Henry Maturin

Personal information
- Full name: Henry Maturin
- Born: 5 April 1842 Clondevaddock, Ireland
- Died: 24 February 1920 (aged 77) Hartley Wintney, Hampshire, England
- Height: 5 ft 5 in (1.65 m)
- Batting: Right-handed
- Bowling: Right-arm roundarm fast

Domestic team information
- 1863: Middlesex
- 1864–1882: Hampshire

Career statistics
| Competition | First-class |
| Matches | 12 |
| Runs scored | 178 |
| Batting average | 9.88 |
| 100s/50s | –/– |
| Top score | 28 |
| Balls bowled | 436 |
| Wickets | 8 |
| Bowling average | 33.50 |
| 5 wickets in innings | – |
| 10 wickets in match | – |
| Best bowling | 4/68 |
| Catches/stumpings | 7/– |
- Source: Cricinfo, 2 February 2010

= Henry Maturin =

Irish cricketer and physician

Henry Maturin (5 April 1842 — 24 February 1920) was an Irish first-class cricketer and physician.

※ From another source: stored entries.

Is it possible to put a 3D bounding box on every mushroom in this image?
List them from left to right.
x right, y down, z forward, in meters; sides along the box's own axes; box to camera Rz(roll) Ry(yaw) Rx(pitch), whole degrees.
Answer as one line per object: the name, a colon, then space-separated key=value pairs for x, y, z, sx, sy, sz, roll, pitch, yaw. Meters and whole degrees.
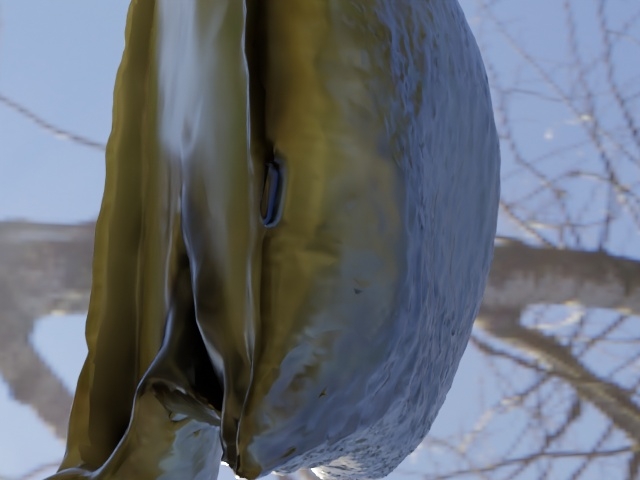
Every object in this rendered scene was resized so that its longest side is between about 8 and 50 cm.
mushroom: x=0.005 y=-0.006 z=0.732 sx=0.217 sy=0.212 sz=0.292 roll=-4 pitch=-114 yaw=63

==Life and first-class cricket==
The son of The Reverend Benjamin Maturin, he was born in Ireland at Clondevaddock. He was educated in England at Marlborough College, where he played for the college cricket team. From there, he undertook his medical education and training at St Bartholomew's Hospital. He was appointed a MRCS in 1864 and was appointed to the Worshipful Society of Apothecaries in 1865, before being appointed an LRCP and a fellow of Royal College of Physicians of Edinburgh in 1872. He held a number of medical posts within Hampshire, including as medical officer of the 1st District of the Hartley Wintney Union and the 7th District of the Basingstoke Union.

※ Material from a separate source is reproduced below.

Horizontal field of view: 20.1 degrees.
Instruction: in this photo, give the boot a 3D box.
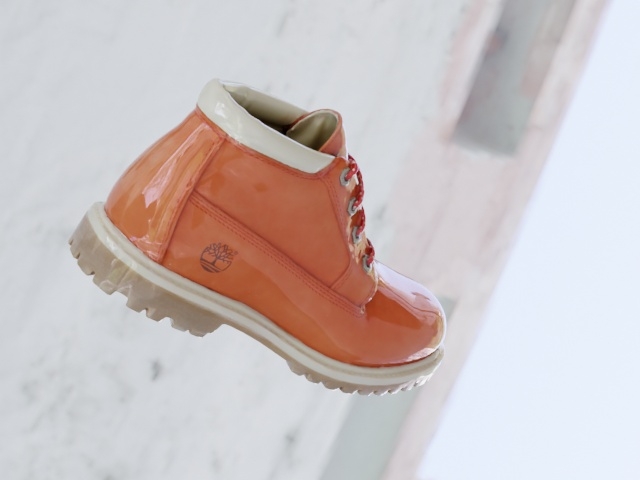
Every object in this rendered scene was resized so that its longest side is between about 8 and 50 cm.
[{"bbox_3d":[0.000,0.000,0.623,0.158,0.059,0.085,23,-71,-40],"label":"boot"}]

In cricket, Maturin made his debut in first-class cricket for an early Middlesex county team against the Marylebone Cricket Club at Lord's in 1863, in what was his only appearance for Middlesex. In that same season, he also appeared in a minor match for an early Hampshire county team against Surrey, helping to inflict what would be Surrey's only defeat of the 1863 season. The following season, he played for the recently founded Hampshire County Cricket Club in their second appearance in first-class cricket against the recently founded Middlesex County Cricket Club at Islington. Maturin played first-class cricket for Hampshire infrequently, making nine appearances to 1882. Described by Arthur Haygarth in Scores and Biographies as "an excellent batsman, with a fine, free style", he scored 136 runs for Hampshire at an average of 9.71, with a highest score of 28. As a roundarm fast bowler, he took 6 wickets for Hampshire, with best figures of 4 for 68. In addition to playing for Middlesex and Hampshire, he also made a single first-class appearance for the Gentlemen of the South against the Players of the South at The Oval in 1864. While his appearances in first-class cricket were limited, he did play club cricket in village matches, doing so until he was well past 70 years of age. Maturin died at Hartley Wintney in February 1920.